— Records from a collection —
==========

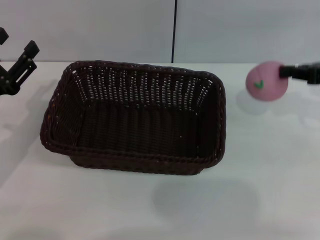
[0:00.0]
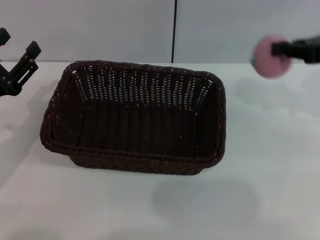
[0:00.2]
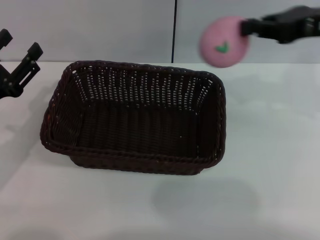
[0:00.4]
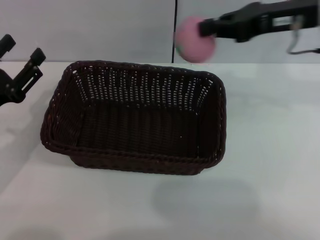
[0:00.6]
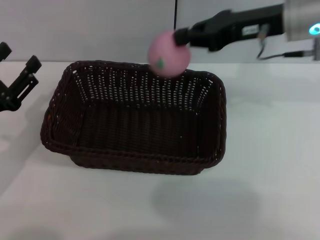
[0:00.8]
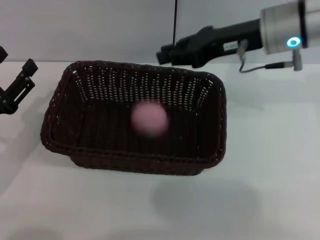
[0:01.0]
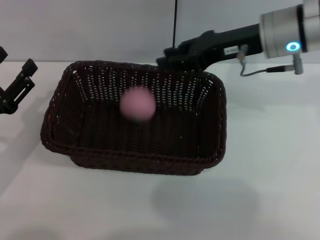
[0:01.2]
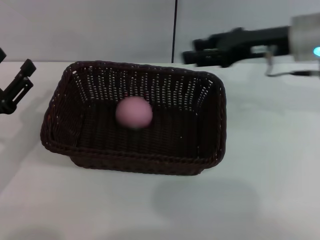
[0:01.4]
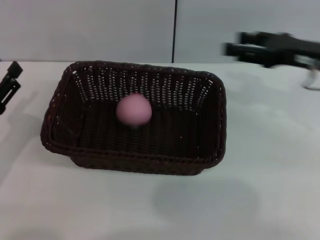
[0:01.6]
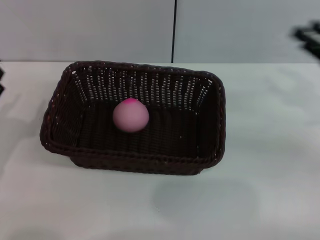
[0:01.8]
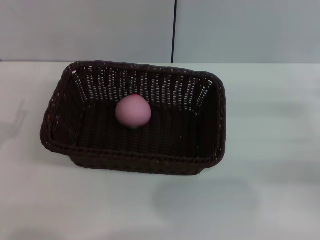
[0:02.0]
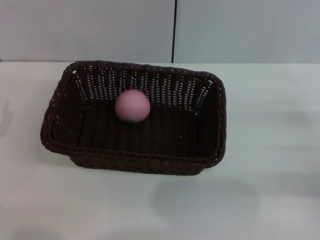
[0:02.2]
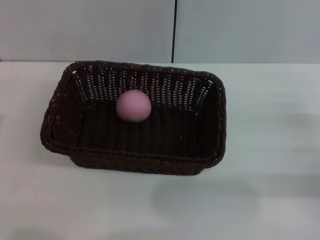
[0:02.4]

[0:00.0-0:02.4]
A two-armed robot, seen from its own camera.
0:00.0 to 0:01.2: The right gripper moves to the left, roughly 15 cm, and opens up.
0:01.2 to 0:02.4: The left gripper ends up about 5 cm from where it was, while the right gripper moves to the right, backward and downward, some 30 cm, and opens its fingers.

==========

— WORK TO BE COMPLETED —
Your copy must match the records above word for word and contain no pictures.

— RESPONSE AREA —
[0:00.0]
[0:00.2]
[0:00.4]
[0:00.6]
[0:00.8]
[0:01.0]
[0:01.2]
[0:01.4]
[0:01.6]
[0:01.8]
[0:02.0]
[0:02.2]
[0:02.4]

[0:00.0-0:02.4]
A two-armed robot, seen from its own camera.
0:00.0 to 0:01.2: The right gripper moves to the left, roughly 15 cm, and opens up.
0:01.2 to 0:02.4: The left gripper ends up about 5 cm from where it was, while the right gripper moves to the right, backward and downward, some 30 cm, and opens its fingers.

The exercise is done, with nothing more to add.